> _Task to carry out_
Copy every line that contains the string "degrees" from the entries below.

> _Exercise material_
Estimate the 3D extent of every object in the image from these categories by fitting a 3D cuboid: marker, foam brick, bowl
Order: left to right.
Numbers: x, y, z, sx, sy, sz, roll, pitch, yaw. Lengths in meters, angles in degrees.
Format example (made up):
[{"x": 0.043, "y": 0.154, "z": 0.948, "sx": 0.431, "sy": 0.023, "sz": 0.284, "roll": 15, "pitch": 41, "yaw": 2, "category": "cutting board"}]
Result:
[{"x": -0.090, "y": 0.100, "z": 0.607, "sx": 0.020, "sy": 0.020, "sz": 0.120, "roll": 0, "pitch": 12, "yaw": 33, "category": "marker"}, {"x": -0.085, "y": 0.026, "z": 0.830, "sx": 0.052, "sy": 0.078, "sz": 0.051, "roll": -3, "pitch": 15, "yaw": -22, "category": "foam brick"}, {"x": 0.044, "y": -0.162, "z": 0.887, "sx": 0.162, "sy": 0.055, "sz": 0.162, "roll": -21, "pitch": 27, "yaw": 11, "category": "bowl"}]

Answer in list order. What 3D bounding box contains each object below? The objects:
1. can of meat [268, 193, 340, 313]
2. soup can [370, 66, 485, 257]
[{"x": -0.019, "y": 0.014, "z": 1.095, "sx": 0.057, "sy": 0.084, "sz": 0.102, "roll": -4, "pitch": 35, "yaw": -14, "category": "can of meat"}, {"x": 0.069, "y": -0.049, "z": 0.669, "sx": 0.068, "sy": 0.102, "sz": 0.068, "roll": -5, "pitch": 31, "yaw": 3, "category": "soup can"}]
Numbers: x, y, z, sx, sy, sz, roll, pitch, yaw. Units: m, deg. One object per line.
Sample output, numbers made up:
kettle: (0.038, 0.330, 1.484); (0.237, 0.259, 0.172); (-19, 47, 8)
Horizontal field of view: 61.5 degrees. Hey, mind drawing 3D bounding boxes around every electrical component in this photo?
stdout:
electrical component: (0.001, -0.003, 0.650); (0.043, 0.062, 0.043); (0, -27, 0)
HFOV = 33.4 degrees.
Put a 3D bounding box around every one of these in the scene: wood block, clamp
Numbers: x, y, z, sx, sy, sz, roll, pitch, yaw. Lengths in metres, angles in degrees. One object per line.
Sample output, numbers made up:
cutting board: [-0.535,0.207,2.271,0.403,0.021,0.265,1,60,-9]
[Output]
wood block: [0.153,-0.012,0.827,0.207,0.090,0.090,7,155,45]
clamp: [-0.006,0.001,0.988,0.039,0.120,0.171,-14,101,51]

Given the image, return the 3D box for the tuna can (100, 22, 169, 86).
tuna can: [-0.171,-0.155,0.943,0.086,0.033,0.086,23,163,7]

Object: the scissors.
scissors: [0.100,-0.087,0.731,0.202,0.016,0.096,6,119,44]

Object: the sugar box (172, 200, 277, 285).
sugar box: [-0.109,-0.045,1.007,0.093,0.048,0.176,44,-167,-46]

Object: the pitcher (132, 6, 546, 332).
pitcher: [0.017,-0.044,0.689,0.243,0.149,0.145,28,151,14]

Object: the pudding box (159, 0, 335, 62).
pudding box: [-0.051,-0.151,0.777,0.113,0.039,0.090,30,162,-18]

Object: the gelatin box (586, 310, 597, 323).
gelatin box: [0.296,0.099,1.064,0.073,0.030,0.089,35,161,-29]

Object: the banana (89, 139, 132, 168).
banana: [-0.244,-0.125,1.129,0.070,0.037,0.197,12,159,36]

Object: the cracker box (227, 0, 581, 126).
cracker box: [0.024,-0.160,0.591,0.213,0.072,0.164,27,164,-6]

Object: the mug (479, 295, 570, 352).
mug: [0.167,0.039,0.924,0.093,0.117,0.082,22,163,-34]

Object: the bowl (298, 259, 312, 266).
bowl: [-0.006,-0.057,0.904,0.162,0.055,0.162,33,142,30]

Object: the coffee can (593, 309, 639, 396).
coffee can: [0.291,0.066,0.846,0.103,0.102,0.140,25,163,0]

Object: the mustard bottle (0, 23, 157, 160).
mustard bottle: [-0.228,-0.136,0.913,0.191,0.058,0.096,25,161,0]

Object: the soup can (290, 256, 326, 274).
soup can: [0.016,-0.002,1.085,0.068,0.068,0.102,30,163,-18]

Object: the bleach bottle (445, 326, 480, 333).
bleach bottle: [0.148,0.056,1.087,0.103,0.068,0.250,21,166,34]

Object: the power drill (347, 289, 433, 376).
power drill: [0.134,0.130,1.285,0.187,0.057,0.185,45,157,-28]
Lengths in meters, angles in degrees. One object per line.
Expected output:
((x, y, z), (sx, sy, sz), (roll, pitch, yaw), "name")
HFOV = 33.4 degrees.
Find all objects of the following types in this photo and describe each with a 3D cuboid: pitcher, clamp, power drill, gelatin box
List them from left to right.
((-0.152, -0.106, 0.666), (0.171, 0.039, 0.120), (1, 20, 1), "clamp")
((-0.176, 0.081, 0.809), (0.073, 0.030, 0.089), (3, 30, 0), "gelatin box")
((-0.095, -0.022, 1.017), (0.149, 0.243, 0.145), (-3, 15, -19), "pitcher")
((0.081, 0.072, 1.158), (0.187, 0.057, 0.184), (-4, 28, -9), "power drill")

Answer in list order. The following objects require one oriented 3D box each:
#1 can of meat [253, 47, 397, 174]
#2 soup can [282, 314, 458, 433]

> _Response for this exercise_
Numbers: x, y, z, sx, sy, sz, roll, pitch, yaw. Lengths in meters, angles in degrees.
Horizontal field of view: 61.5 degrees. Hey, mind drawing 3D bounding boxes around every electrical component in this photo?
HFOV = 33.4 degrees.
Numbers: x, y, z, sx, sy, sz, roll, pitch, yaw. Lengths in metres, angles in degrees. One object per line.
Lengths in meters, angles in degrees. One object per line.
HFOV = 33.4 degrees.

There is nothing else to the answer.